The beauty of the Flex FP is that it is a single 256-bit FPU that is shared by two integer cores. With each cycle, either core can operate on 256 bits of parallel data via two 128-bit instructions or one 256-bit instruction, or each of the integer cores can execute 128-bit commands simultaneously.

"In today’s typical data center workloads, the bulk of the processing is integer and a smaller portion is floating point. So, in most cases you don’t want one massive 256-bit floating point unit per core consuming all of that die space and all of that power just to sit around watching the integer cores do all of the heavy lifting. By sharing one 256-bit floating point unit per every 2 cores, we can keep die size and power consumption down, helping hold down both the acquisition cost and long-term management costs," explained Mr. Fruehe.

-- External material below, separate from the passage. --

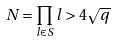Convert formula to latex. <formula><loc_0><loc_0><loc_500><loc_500>N = \prod _ { l \in S } l > 4 \sqrt { q }</formula>

By having a shared Flex FP the power budget for the processor is held down. This allows AMD to add more integer cores into the same power budget. In fact, AMD claims that the Flex FP is designed to reduce its active idle power consumption to a mere 2% of its peak power consumption.

"Obviously, there are benefits of recompiled code that will support the new AVX instructions. But, if you think that you will have some older 128-bit FP code hanging around (and let’s face it, you will), then don’t you think having a flexible floating point solution is a more flexible choice for your applications? For applications to support the new 256-bit AVX capabilities they will need to be recompiled; this takes time and testing, so I wouldn’t expect to see rapid movement to AVX until well after platforms are available on the streets," concluded Mr. Fruehe.